陆南川歪着头斜眼一看,自言自语道:“还是那副面无表情的死人相。”
而那边,真的死过一次的陆北泽,一步步慢慢下楼。脚步很缓,但是很稳。
啧。
陆南川眼不见为心静地撇开脑袋。
“……这?”店小二对陆南川露出一个询问的表情。
“嗯,按他说得来就行。”陆南川无所谓,他指尖一弹,啪嗒放了片金叶子在柜台上,道,“饭钱,做好了送上来。”
店小二:“……”
他魂游良久,将金叶子往嘴里一送,咬了口……是真的。
昨天的住宿费也是金叶子,今天的一碗面也是金叶子,他真怀疑这是那家不食人间烟火的公子哥儿,是不是不识数,什么交易都是一片金叶子???
陆南川才转过身,抱臂,好整以暇地看着下了楼的陆北泽,道:“你跑下来干什么?”
陆北泽没理他。
现在这副身体还是太弱了,多次险些不能容纳他过于强大的元神。多走动一下,还是有好处的。
陆南川也不恼,等到陆北泽下了最后一个台阶,才一提他的后衣领,轻轻松松地把这才十五岁少年的身体拎起,向楼上房间走去。

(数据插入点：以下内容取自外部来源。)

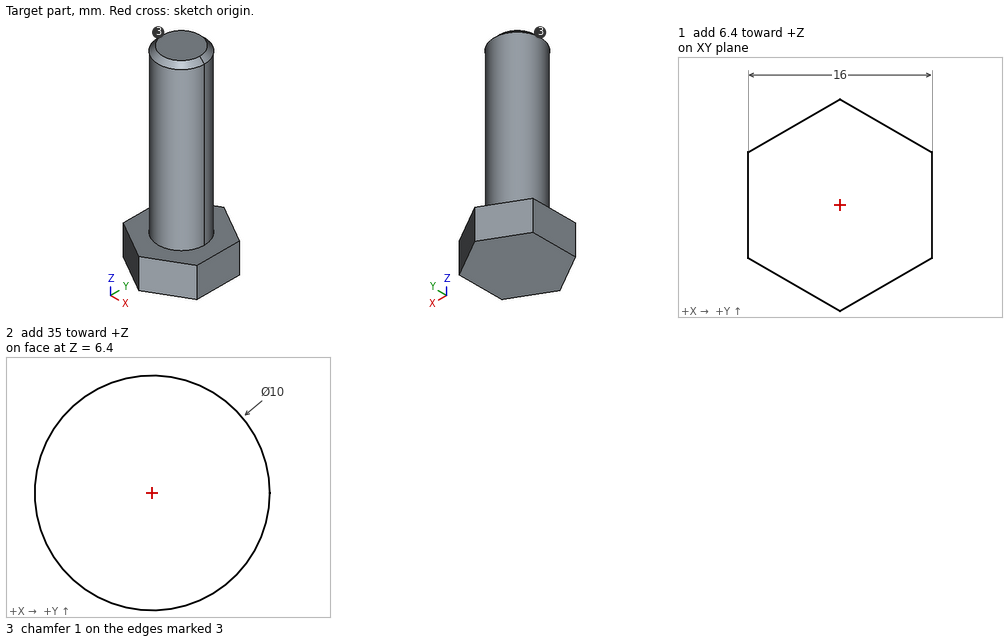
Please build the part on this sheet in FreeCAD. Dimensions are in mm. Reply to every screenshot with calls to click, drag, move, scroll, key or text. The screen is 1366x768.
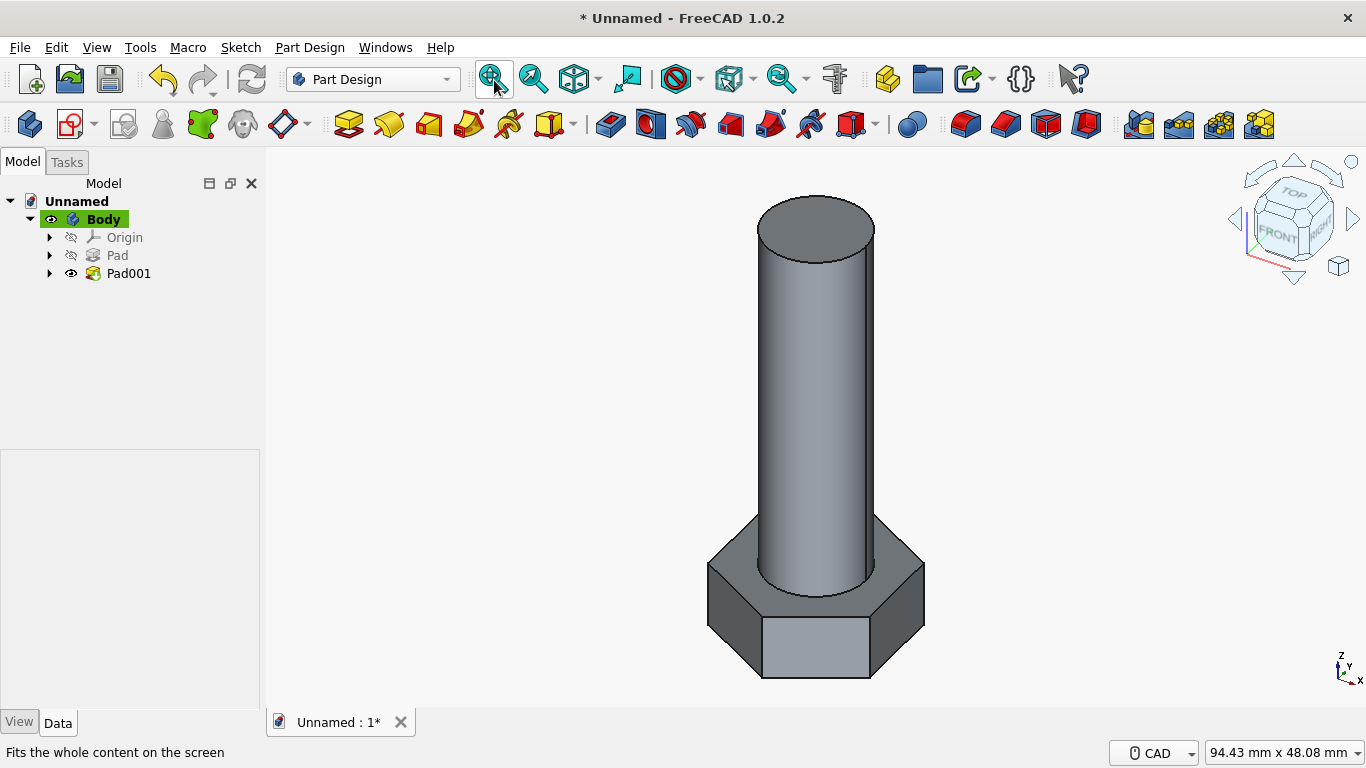
click(758, 232)

这大庭广众之下,想必陆北泽为了那笑死人的礼节,不会闹腾。
陆北泽才试着挣扎了一下,陆南川就阴恻恻地飘来一句话,道:“再乱动,本座就勉为其难,抱你一抱。”
陆北泽:“……”不知是羞是恼,他白皙的侧脸起了红晕。
他俩总是这种截然不同的行事。
就像是并蒂而生的莲。一为白,一为黑。